◆ ASSIGNMENT:
For the records that follow, give the number of lines in which the word "left" occurs, with nothing added.

◆ AVAILABLE RECORDS:

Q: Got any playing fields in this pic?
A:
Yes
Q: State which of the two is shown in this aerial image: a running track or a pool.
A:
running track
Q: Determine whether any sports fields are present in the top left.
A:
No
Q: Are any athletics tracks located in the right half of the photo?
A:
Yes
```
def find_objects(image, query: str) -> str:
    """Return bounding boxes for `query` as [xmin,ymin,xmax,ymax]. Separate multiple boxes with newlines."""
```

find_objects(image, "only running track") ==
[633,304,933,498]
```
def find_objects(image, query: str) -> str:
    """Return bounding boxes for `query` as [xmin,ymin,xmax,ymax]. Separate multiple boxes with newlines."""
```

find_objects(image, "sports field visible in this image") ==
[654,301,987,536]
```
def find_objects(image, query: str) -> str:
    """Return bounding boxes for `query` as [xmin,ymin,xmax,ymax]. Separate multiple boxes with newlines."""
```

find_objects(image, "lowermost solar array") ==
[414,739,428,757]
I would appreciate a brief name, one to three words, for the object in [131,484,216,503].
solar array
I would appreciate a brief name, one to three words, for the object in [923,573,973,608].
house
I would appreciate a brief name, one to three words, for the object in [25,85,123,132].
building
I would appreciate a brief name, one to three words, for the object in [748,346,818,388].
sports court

---

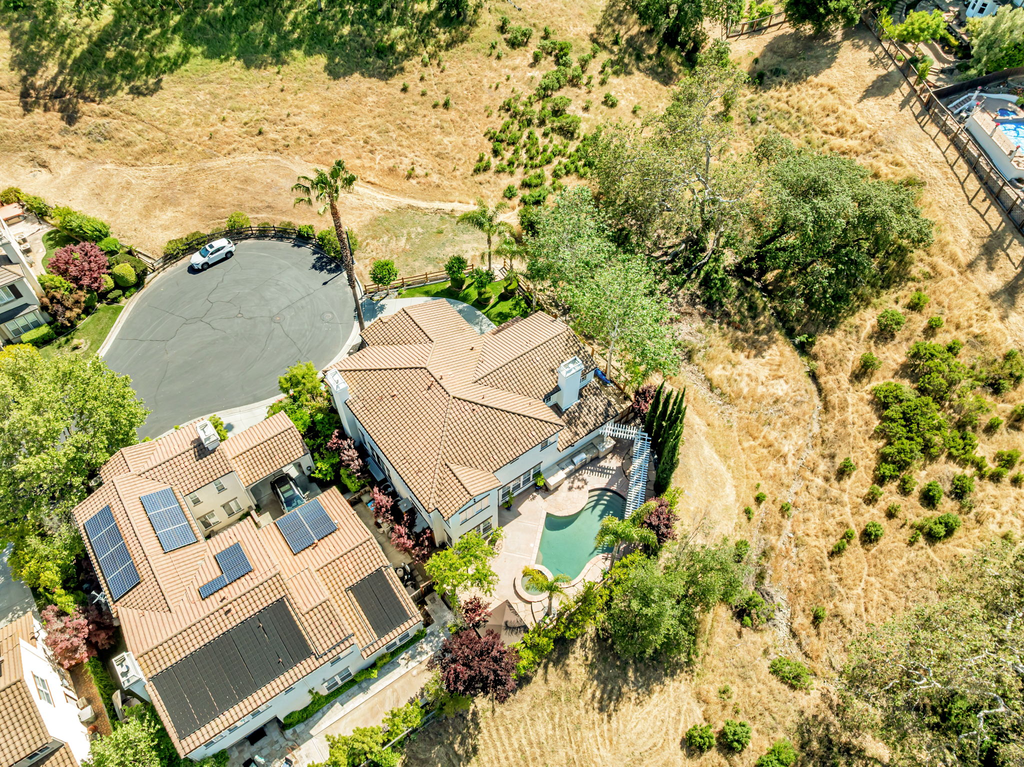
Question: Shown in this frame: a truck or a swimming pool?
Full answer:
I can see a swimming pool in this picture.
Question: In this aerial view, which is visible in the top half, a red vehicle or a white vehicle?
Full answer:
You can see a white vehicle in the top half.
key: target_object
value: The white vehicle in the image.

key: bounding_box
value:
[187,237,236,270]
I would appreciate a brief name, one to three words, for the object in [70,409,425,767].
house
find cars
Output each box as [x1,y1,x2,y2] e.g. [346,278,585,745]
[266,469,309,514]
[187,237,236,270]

==

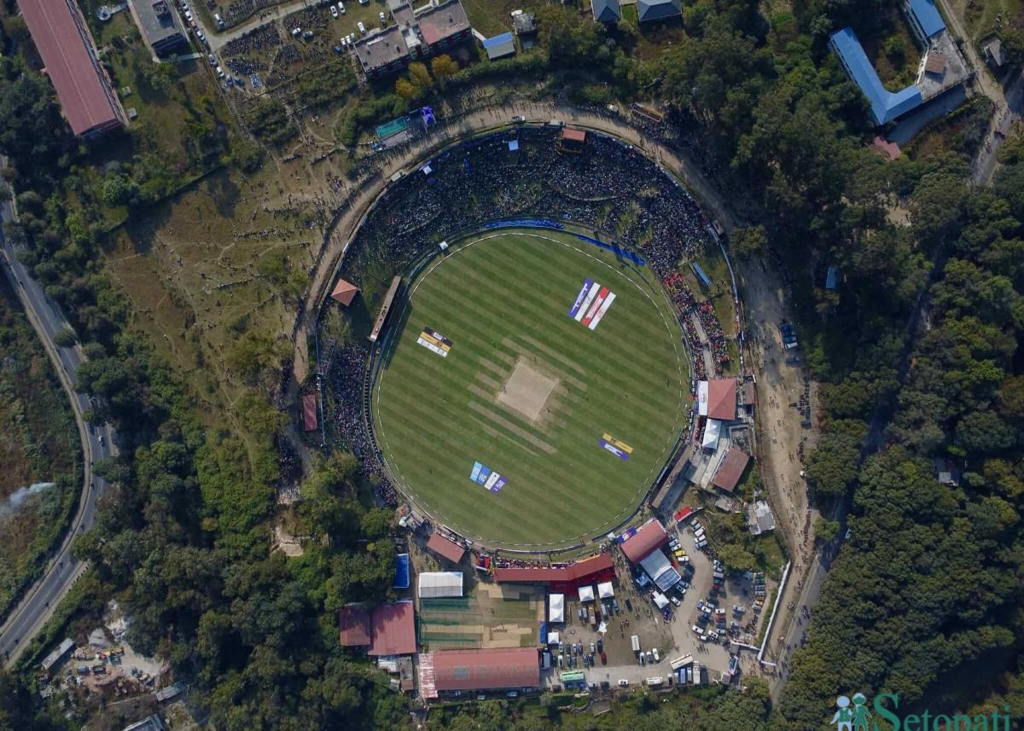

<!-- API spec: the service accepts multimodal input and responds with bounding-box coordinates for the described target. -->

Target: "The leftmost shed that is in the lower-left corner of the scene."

◆ REPLY TO THE EXERCISE:
2